ここまで料率を見てきましたが、繰り返すとおり料率は年度・都道府県・健保組合で変わる概算です。「結局、自分はいくら引かれるのか」は、自分の条件で計算するのが唯一の正解です。

社会保険料を整える に月の額面を入れると、

  • 健康保険・厚生年金・雇用保険・(40歳以上なら)介護保険の内訳
  • 本人負担額と、会社が負担している額
  • 標準報酬月額の等級

がその場で出ます。

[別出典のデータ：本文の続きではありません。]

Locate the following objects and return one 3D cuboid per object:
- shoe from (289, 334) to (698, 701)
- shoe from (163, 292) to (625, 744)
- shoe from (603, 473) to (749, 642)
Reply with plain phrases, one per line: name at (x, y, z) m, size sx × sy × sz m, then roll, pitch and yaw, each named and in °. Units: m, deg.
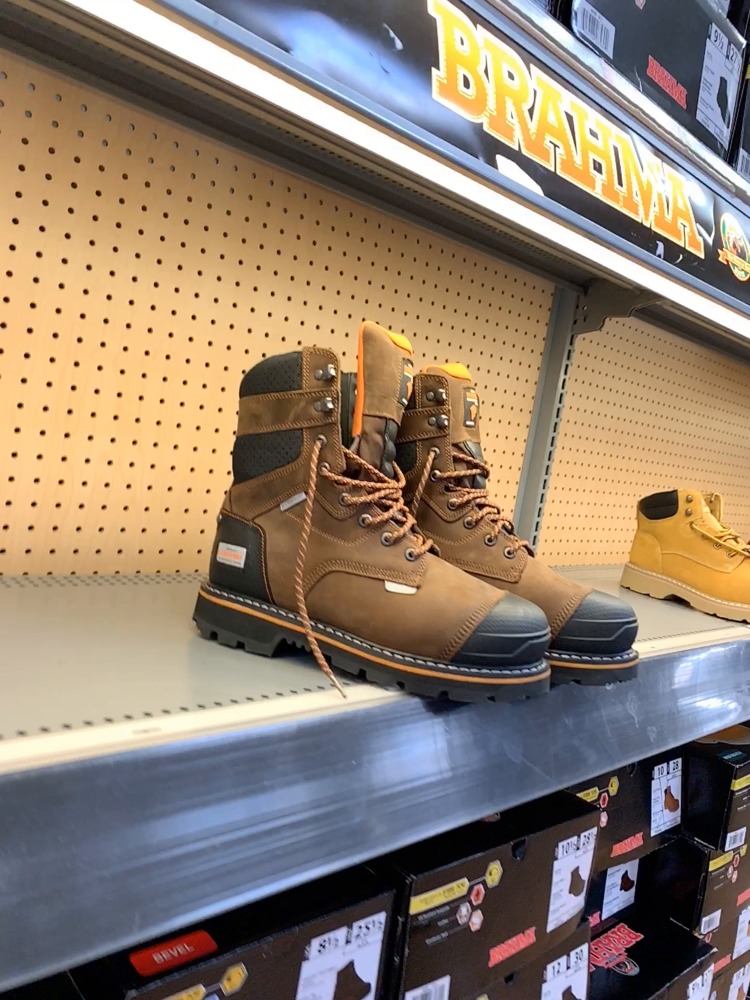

「40歳になると毎月いくら増えるのか」「いまの等級は報酬のどのあたりか」を、感覚ではなく実数で確認できます。


関連ツールとのシナジー

社会保険料 → 賞与 → 税込みの手取り、の順に整えると、給与明細のほぼ全項目が説明できるようになります。


まとめ

  • 額面と手取りの差の主役は、税金ではなく社会保険料であることが多い
  • 部品は 健康保険(約10%)・厚生年金(18.3%)・雇用保険・介護保険(40〜64歳) の4つ
  • 健康保険・厚生年金・介護保険は労使折半で、本人が払うのは半分
  • 料率がかかる相手は毎月の給料ではなく、4〜6月で決まる『標準報酬月額』の等級
  • だから「4〜6月の残業を抑えると保険料が下がる」が成立するが、将来の年金額にも影響する
  • 賞与にも社会保険料はかかる(住民税は賞与からは引かれないのと対照的)
  • 料率は年度・都道府県・健保組合で変わる概算。実額は 社会保険料を整える

「謎の天引き」を 種類 × 料率 × 誰が負担するか に分解すると、給与明細は一気に読めるようになります。正体を知ることが、お金の判断の第一歩です。